Au fur et à mesure que le projet de Zone de libre échange des Amériques (ZLEA) s'enlisait, l'Amérique centrale s'est trouvée impliquée dans deux autres projets. 

Le Plan Puebla Panama (PPP) tout d'abord, associe les 7 pays d'Amérique centrale (Belize, Costa Rica, Guatemala, Honduras, Nicaragua, Panama, Salvador) aux 9 États du sud sud-est du Mexique (Campeche, Chiapas, Guerrero, Oaxaca, Puebla, Quitana Roo, Tabasco, Veracruz et Yucatan). Le projet a été lancé le 15 juin 2001. Il s'agit de créer un axe de coopération pour renforcer les infrastructures, réduire la pauvreté et la vulnérabilité aux catastrophes naturelles.

Une structure s'est mise en place qui, d'une certaine façon recouvre des projets et structures déjà existants en Amérique centrale.

Autre défi, autrement plus complexe, la négociation d'un accord de libre échange avec les Etats-Unis : le Central american and Dominican Republic free trade agreement (CAFTA).

Les Etats-Unis ont été extrêmement pressants concernant la négociation, concluant le processus en un an (alors que pour le NAFTA la négociation avait duré 7 ans et que pour la ZLEA, le processus a démarré en 1994). Les négociations ont commencé en janvier 2003 et l'accord a été signé le 28 mai 2004.

A ce jour, il a été ratifié par tous les pays, le Costa Rica ayant été le dernier. Ce pays a organisé un référendum en 2007 et a adopté en 2008 les lois d'application.

Il est bien évident que le CAFTA a détourné les Centraméricains de l'intérêt qu'ils pouvaient encore porter à l'approfondissement de leur intégration.
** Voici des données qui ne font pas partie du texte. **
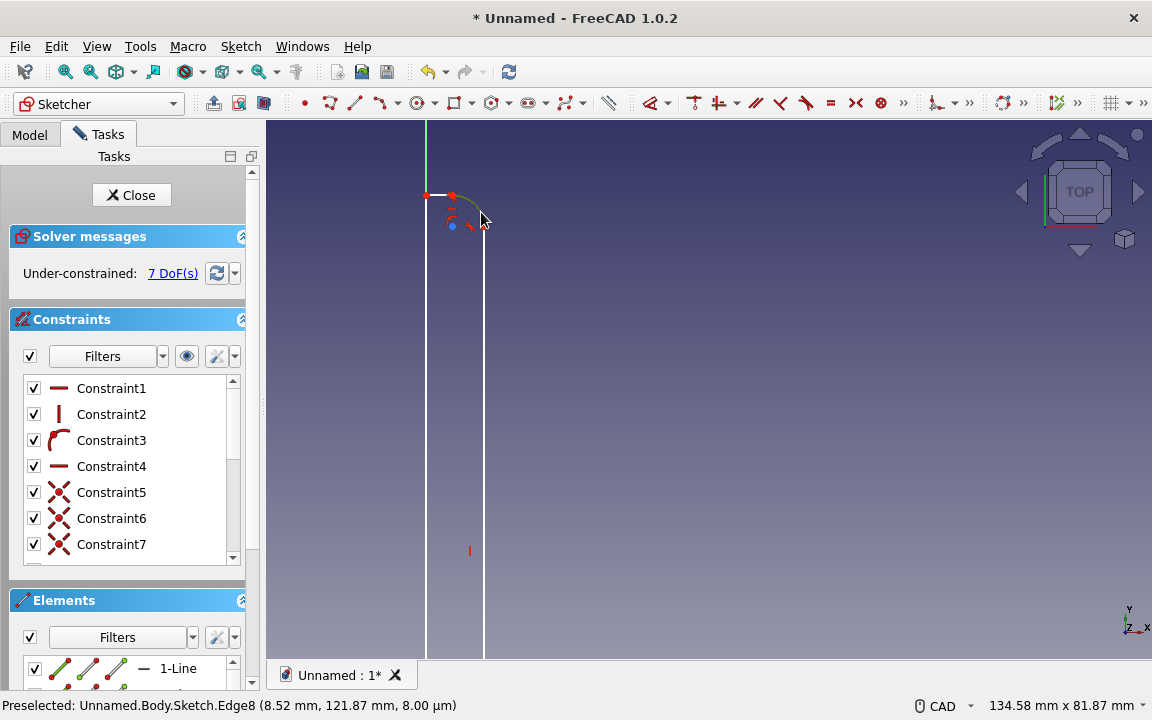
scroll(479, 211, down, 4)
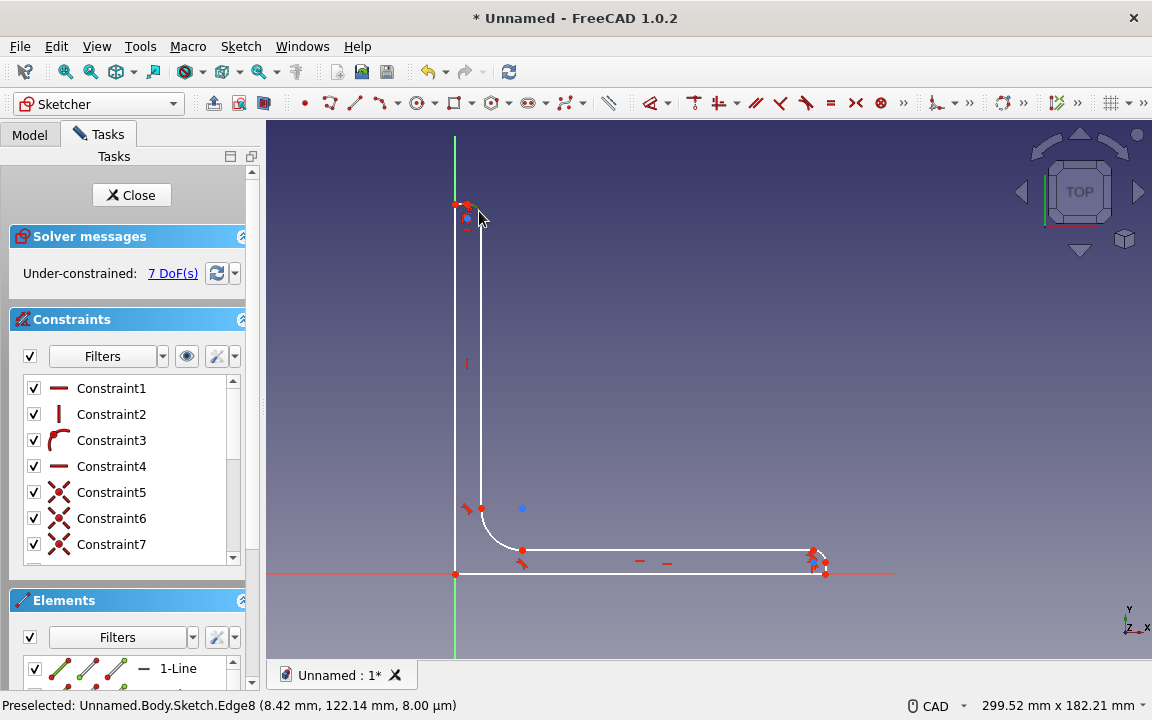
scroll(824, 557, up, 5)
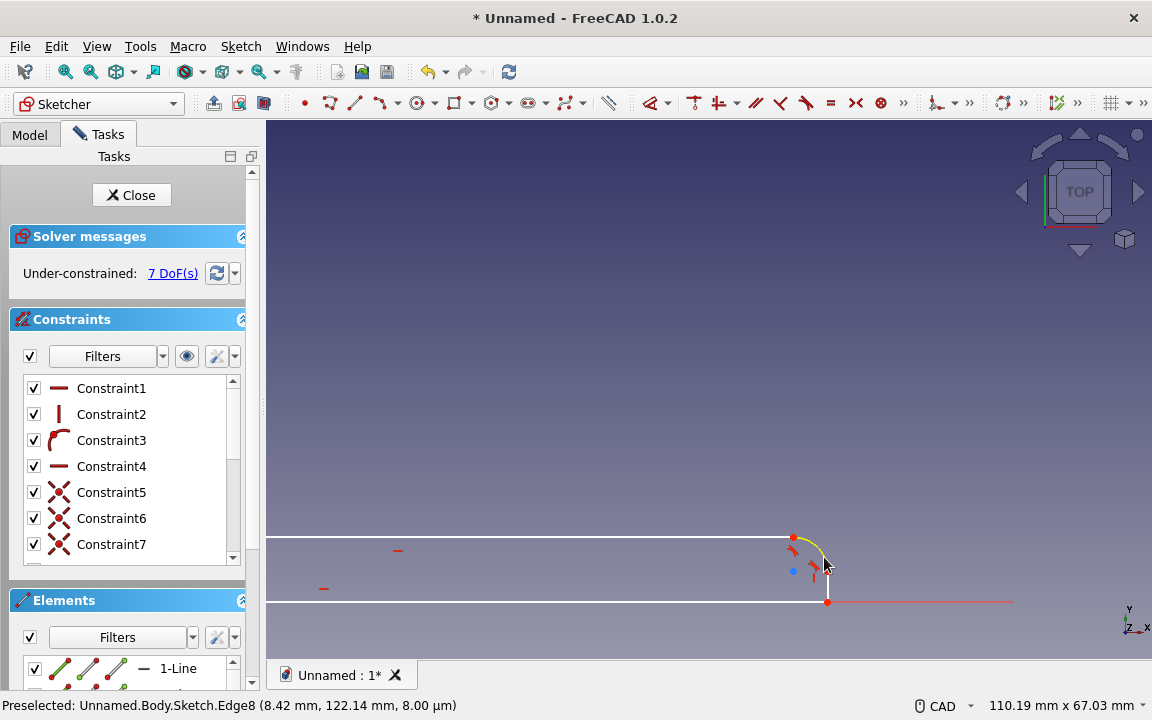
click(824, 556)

La hiérarchisation des priorités, indispensable dans des petits aux faibles ressources humaines en matière de diplomatie, a été fatale à l'intégration centraméricaine.

Au plan politique, les priorités sont autres depuis le début de la réforme en 1997 :

  • ouragan Mitch en 1998 : agenda de reconstruction
  • instabilité politique au Costa Rica
  • recrudescence de conflits transfrontaliers

Toutefois, la perspective d'une relance de la réforme est évoquée en 2004, en vue de l'ouverture de négociations avec l'Union européenne. Pour la Commission européenne, "the overall objective of the 2007-2013 strategy for Central America will be to support the process of political, economic and social integration in the context of preparation of the future Association Agreement with the EU".

Le 26 février 2004, une Commission pour la réforme intégrale des institutions est créée.

En dépit du nouveau défi lancé par l'ALBA (adhésion du Honduras et du Nicaragua), un protocole est adopté le 20 février 2008 portant sur la réforme du Parlement et aux instances politiques.